**How to complete this task**
Filter the entries for the string "trace". Copy each line that has it.

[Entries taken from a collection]
◆ ◆ ◆
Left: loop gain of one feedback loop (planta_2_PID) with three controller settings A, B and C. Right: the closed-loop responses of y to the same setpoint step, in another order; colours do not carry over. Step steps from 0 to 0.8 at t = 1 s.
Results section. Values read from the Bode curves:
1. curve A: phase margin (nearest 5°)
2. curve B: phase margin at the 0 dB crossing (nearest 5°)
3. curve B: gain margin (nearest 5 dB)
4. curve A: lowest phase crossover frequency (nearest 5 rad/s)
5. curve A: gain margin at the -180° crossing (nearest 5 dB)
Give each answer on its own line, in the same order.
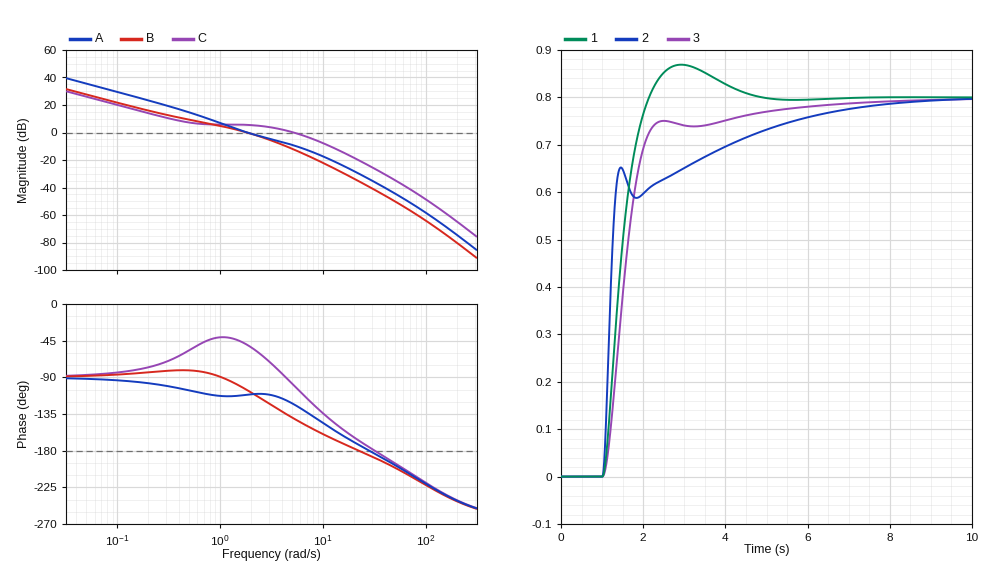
70°
75°
35 dB
30 rad/s
35 dB
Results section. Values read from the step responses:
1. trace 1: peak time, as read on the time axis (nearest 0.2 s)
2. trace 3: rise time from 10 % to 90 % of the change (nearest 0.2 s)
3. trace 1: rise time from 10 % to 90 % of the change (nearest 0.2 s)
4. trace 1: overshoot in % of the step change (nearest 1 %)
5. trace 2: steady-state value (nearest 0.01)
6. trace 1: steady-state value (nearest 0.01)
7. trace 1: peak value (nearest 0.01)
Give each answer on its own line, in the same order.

3.0 s
1.0 s
0.8 s
9 %
0.80
0.80
0.87
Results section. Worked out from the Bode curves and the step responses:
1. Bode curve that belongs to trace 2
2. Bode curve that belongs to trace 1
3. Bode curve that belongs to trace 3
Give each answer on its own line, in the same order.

C
A
B
◆ ◆ ◆
**Answer section**
1. trace 1: peak time, as read on the time axis (nearest 0.2 s)
2. trace 3: rise time from 10 % to 90 % of the change (nearest 0.2 s)
3. trace 1: rise time from 10 % to 90 % of the change (nearest 0.2 s)
4. trace 1: overshoot in % of the step change (nearest 1 %)
5. trace 2: steady-state value (nearest 0.01)
6. trace 1: steady-state value (nearest 0.01)
7. trace 1: peak value (nearest 0.01)
1. Bode curve that belongs to trace 2
2. Bode curve that belongs to trace 1
3. Bode curve that belongs to trace 3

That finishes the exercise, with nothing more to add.